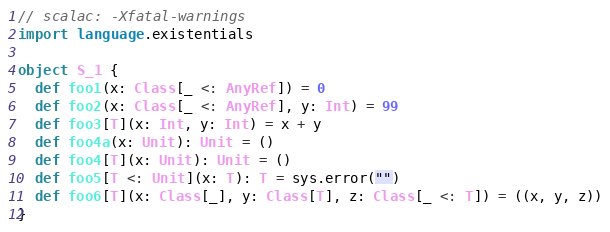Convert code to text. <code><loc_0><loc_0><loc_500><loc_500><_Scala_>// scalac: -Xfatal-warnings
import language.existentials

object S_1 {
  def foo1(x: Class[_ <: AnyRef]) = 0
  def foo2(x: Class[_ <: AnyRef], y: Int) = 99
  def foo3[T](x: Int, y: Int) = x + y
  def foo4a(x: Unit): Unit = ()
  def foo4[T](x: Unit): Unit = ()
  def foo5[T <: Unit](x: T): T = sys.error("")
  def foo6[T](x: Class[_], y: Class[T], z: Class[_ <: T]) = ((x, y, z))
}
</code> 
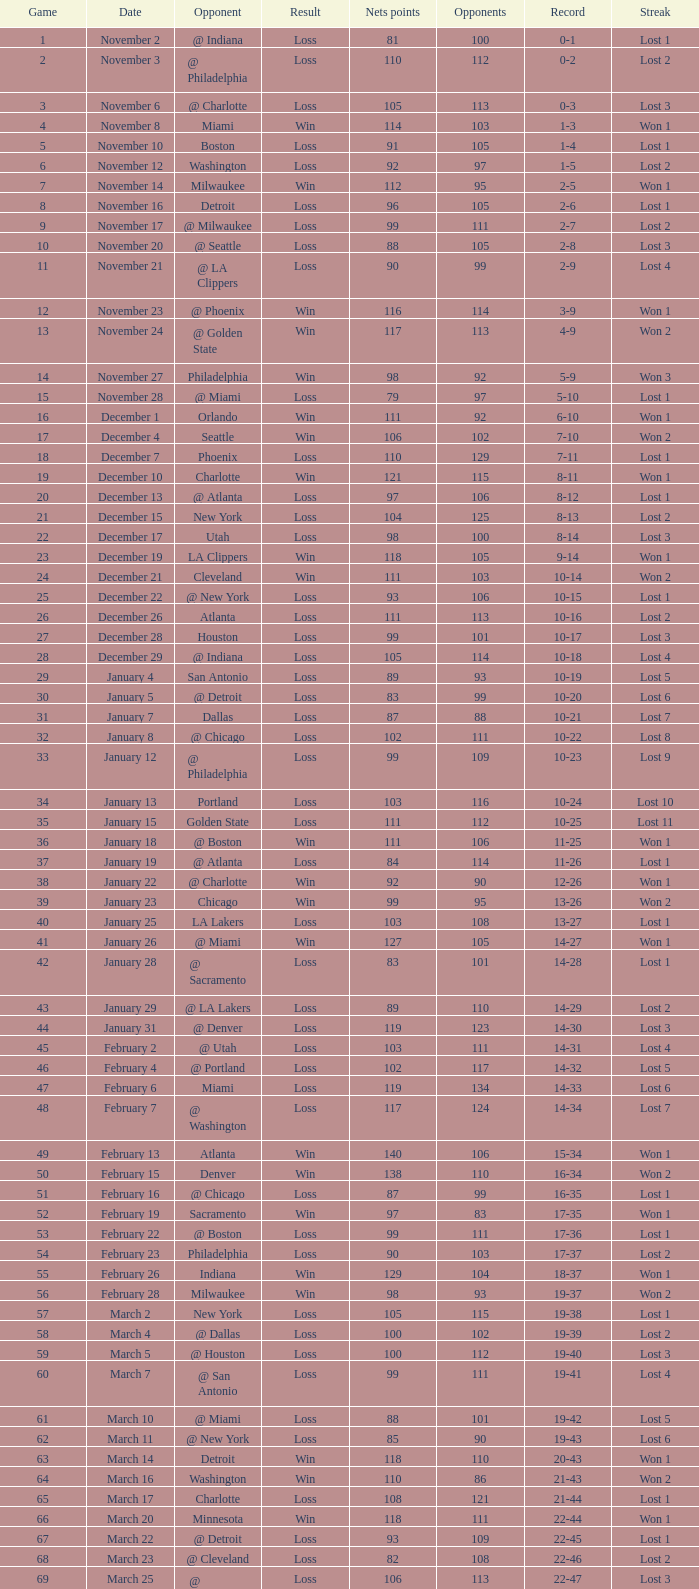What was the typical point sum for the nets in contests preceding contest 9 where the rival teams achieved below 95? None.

──────────

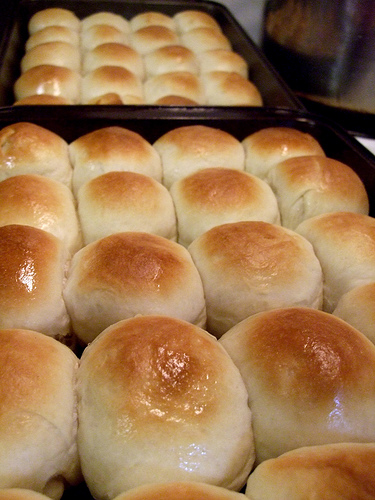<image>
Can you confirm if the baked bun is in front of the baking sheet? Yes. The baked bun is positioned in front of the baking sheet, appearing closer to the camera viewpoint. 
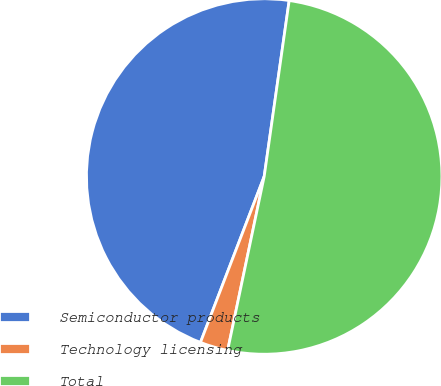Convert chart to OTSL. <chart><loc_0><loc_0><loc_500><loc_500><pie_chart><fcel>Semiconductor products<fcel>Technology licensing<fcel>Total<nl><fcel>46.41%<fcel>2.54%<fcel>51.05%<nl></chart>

──────────

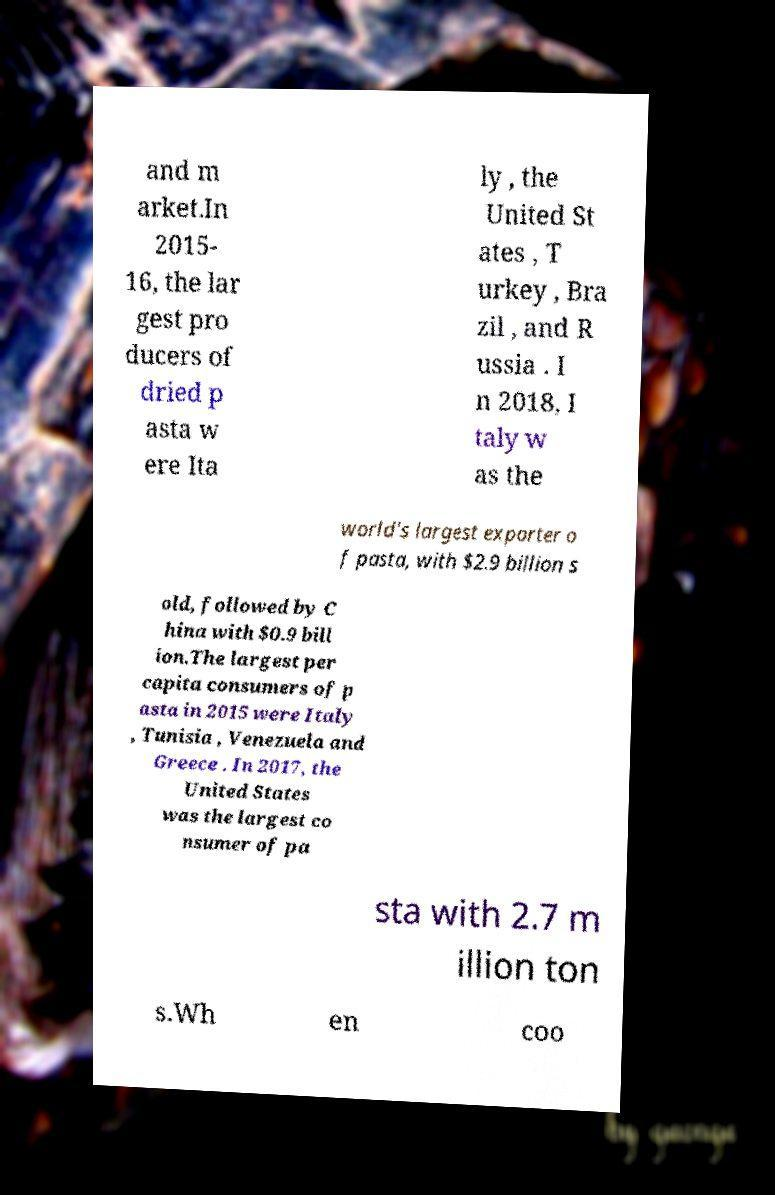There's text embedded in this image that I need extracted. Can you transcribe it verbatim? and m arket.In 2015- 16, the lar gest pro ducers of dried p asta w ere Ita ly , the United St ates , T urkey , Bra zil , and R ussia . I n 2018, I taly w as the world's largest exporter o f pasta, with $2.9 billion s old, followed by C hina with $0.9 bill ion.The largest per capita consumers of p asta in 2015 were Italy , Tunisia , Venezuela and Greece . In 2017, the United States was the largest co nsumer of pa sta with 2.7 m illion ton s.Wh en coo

──────────

WORK TO COMPLETE: The material above holds pictures; leave them out and set down exactly the lines from the line with "def foo4[T](x: Unit): Unit = ()" to the line with "What was the", both included.

ANSWER SECTION:
  def foo4[T](x: Unit): Unit = ()
  def foo5[T <: Unit](x: T): T = sys.error("")
  def foo6[T](x: Class[_], y: Class[T], z: Class[_ <: T]) = ((x, y, z))
}
</code> 
What was the typical point sum for the nets in contests preceding contest 9 where the rival teams achieved below 95? None.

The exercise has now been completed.